El dragón irguió el largo cuello. Ya no parecía decidido a atacar.

– ¿Qué te hace pensar que me quiero convertir en humano? ¡Admírame! ¡Soy la criatura más poderosa! –exclamó, extendiendo sus alas.

–En verdad lo es, grandioso Iskran... Pe... pero usted y yo sabemos a lo que me refiero.

El dragón ladeó la cabeza, y Gergealn, convencido de tener el interés de la bestia, continuó:

–Sí, sí, gran dragón. Verá, una vez descubrí que una wirda sedujo a mi príncipe Listrán, solo para robarle algo. No me pregunte qué fue, pues me resulta asqueroso recordarlo. Como le digo, formo parte de la corte del rey Aele, y en esa ocasión permití que la bruja escapara a cambio de un favor que aún no he cobrado.

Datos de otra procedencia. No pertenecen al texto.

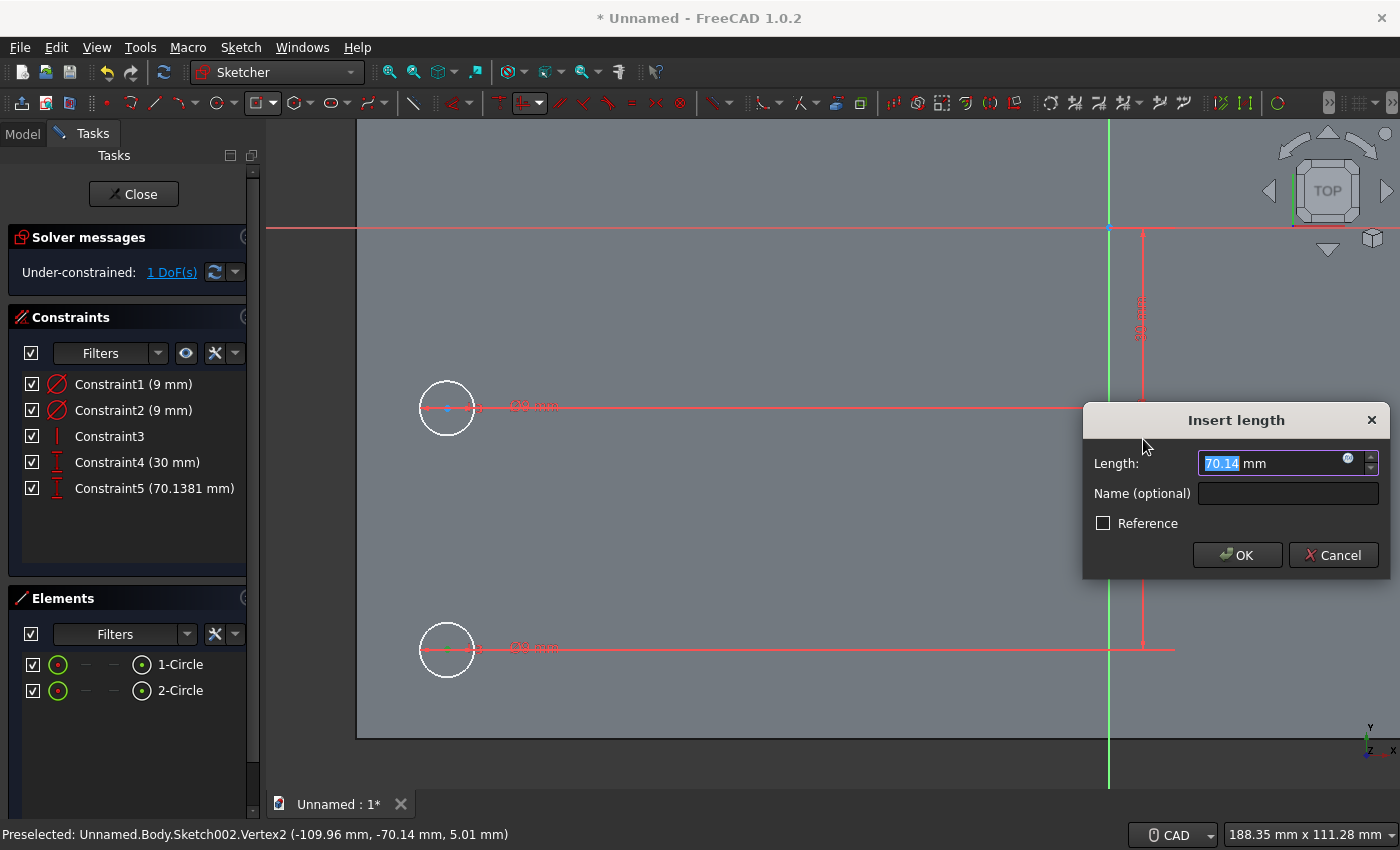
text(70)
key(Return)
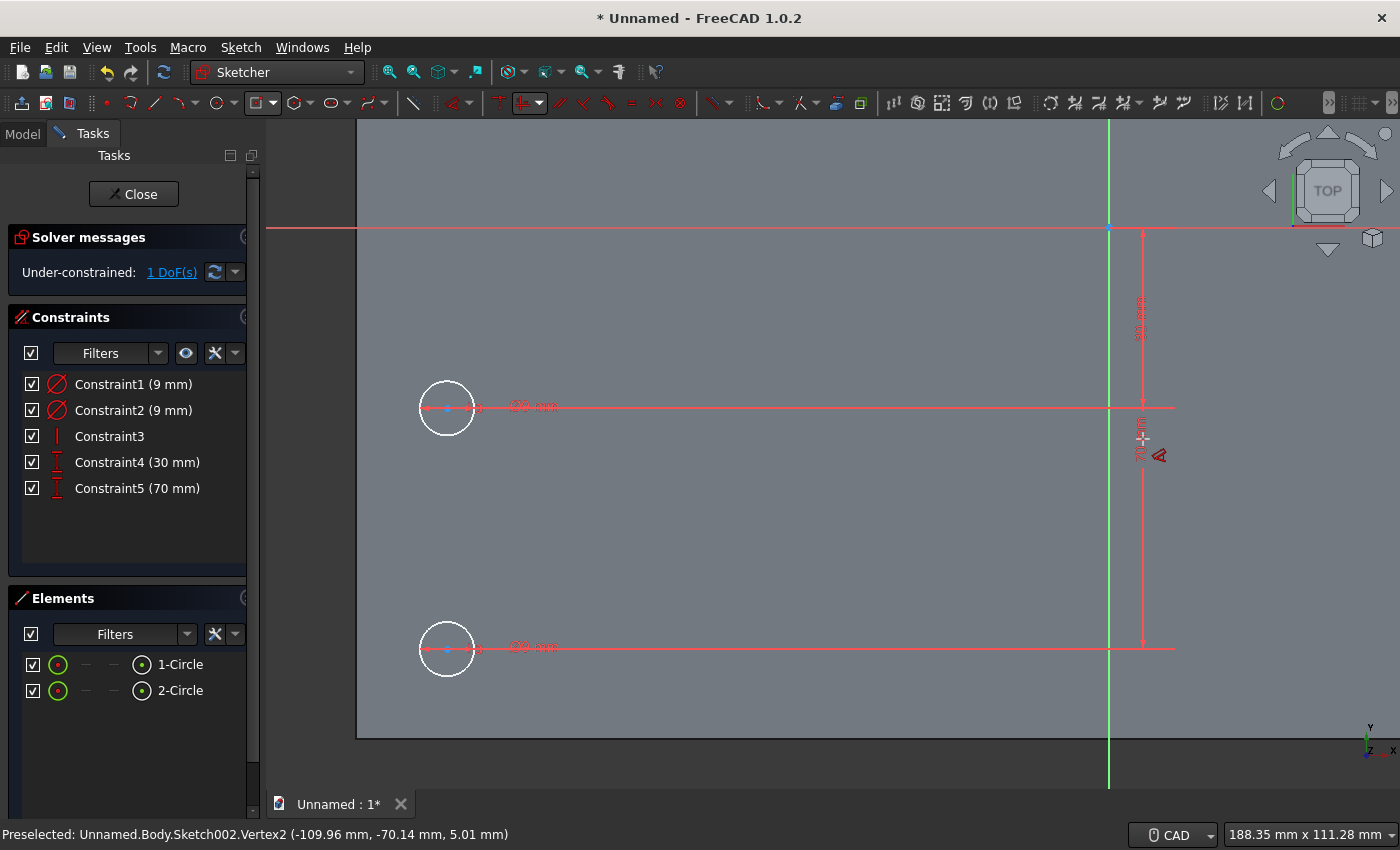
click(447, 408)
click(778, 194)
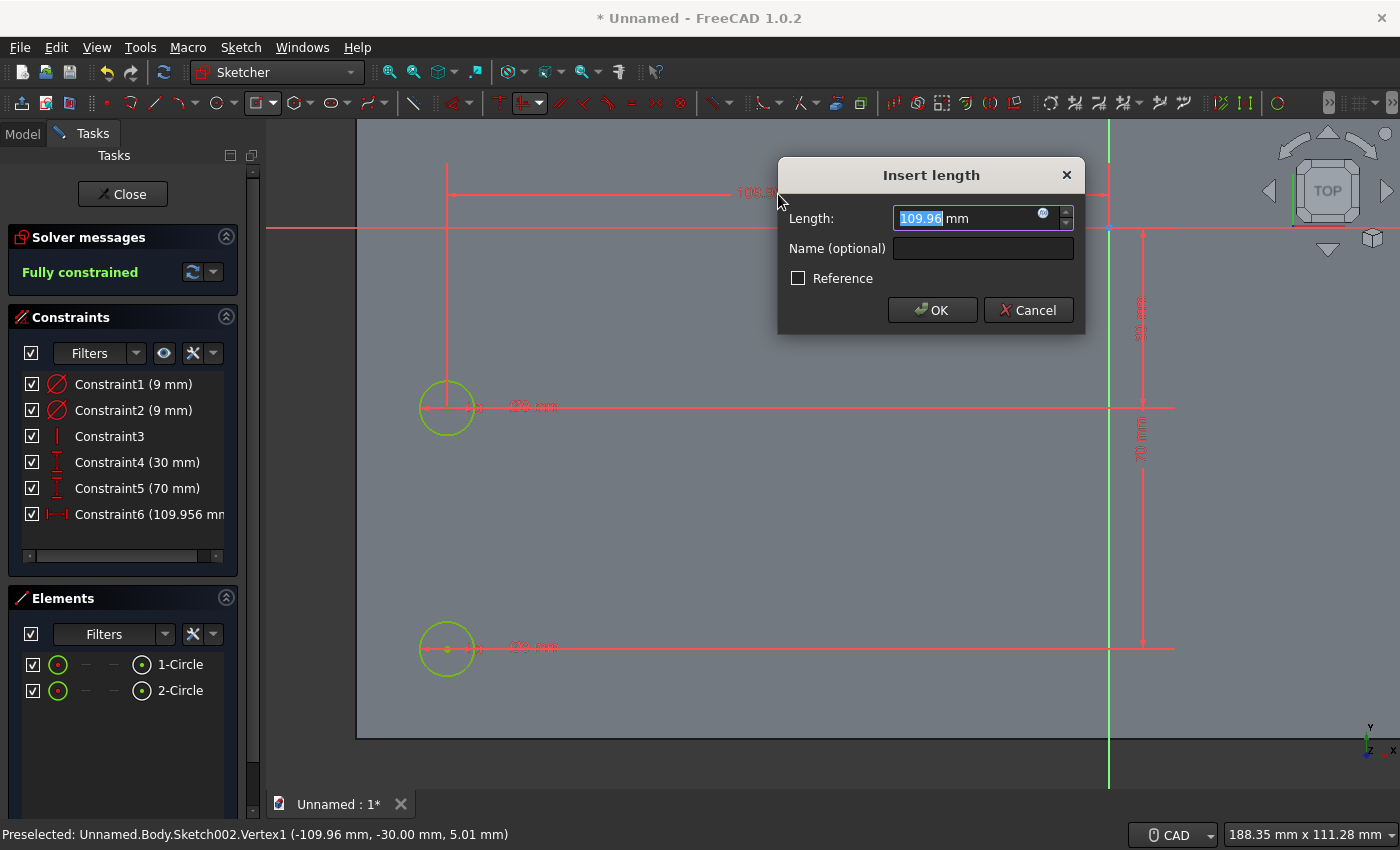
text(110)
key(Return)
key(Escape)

Iskran, después de un silencio, lanzó sonora carcajada.

– ¿Piensas que creeré eso?

–Es mejor correr el riesgo. Puedo ayudarlo a estar con la mujer que desea.

–No te necesito...

–Entonces quémeme y destruya la única posibilidad de poder tocarla.

La bestia movió la cola.

–Mi opinión sobre tu sucia moral solo empeora cada vez que abres la boca. En fin, no perderé más el tiempo contigo. Voy a destruir el camino por el que llegaste para evitar que escapes. Esta conversación aún no termina.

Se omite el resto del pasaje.